Code.Ride.Run.

Via Race Report - Jour 9

27 août 2025 - 7 min

Une envie de courir. Presque 40 minutes que je suis dans cette station-service, presque prêt à repartir alors qu'Anthony a repris la route depuis une bonne dizaine de minutes et j'ai une lubie passagère : j'ai envie de me dégourdir les jambes autrement qu'en pédalant. Ma préparation pour la Via Race a été pour ainsi dire tout sauf spécifique au vélo. Au quotidien, je cours au moins autant que je pédale et c'est la première fois depuis que j'ai repris la course à pied en 2021 que je ne cours pas pendant plus d'une semaine. D'autant plus que mon choix minimaliste de courir en sandales m'a habitué à avoir les pieds à l'air libre et l'enchaînement des jours emprisonnés dans des chaussures humides ne plaît pas spécialement à ma voûte plantaire. Chaque soir, retirer mes chaussures est une libération pour permettre de faire respirer ces véritables éponges qui deviennent douloureuses chaque jour un peu plus tôt. Si seulement j'avais pu greffer des cales SPD comme Lachlan Morton lors de son Tour de France alternatif.
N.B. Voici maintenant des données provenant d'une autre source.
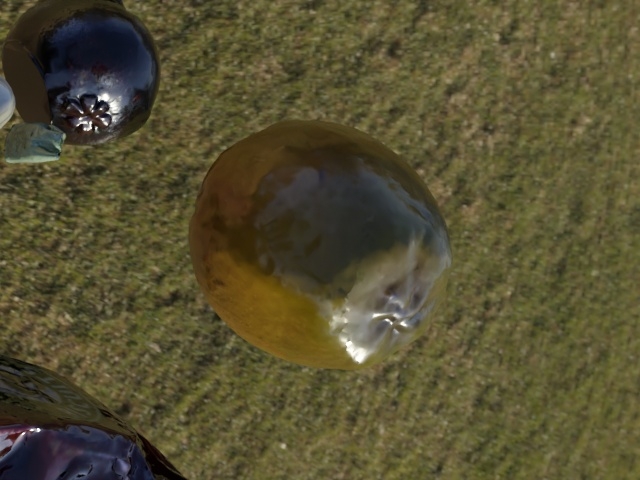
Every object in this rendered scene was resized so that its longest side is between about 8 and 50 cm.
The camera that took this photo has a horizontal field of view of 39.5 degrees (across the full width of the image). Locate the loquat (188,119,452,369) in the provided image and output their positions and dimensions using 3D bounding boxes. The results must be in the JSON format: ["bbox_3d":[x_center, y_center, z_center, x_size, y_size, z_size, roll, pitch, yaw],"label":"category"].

Je profite d'ailleurs pour en faire un « scan » corporel et évaluer quel est l'état de mon corps. J'ai pu observer sa transformation au cours de ces derniers jours et si les marques de bronzage si caractéristiques de nos chères tenues en lycra n'ont jamais été aussi visibles, les contours de ma silhouette sont de plus en plus saillants, tant car mes fibres musculaires sont probablement congestionnées par leur sollicitation permanente que par une hydratation peut-être approximative. La peau se couvre çà et là de petites marques liées aux frottements et à la transpiration. Je vous fais grâce de l'état de ce qui me sert à m'asseoir sur ma selle dans ce récit mais l'idée générale à laquelle je me suis accroché pendant l'ensemble de l'épreuve : « c'est pas fou mais ça ira jusqu'au bout ». Je ne remercierai jamais assez la livraison express de ce cuissard que j'attendais tant quelques jours avant la course. J'ai par ailleurs la chance d'être relativement épargné par les problèmes tendineux et articulaires, que j'associe assez naturellement à ma pratique de la course à pied qui a énormément renforcé cet aspect de mon physique. Je fais également très attention à l'hygiène de ma bouche en me brossant les dents de multiples fois par jour, parfois jusqu'à 6 fois, souvent sur le vélo.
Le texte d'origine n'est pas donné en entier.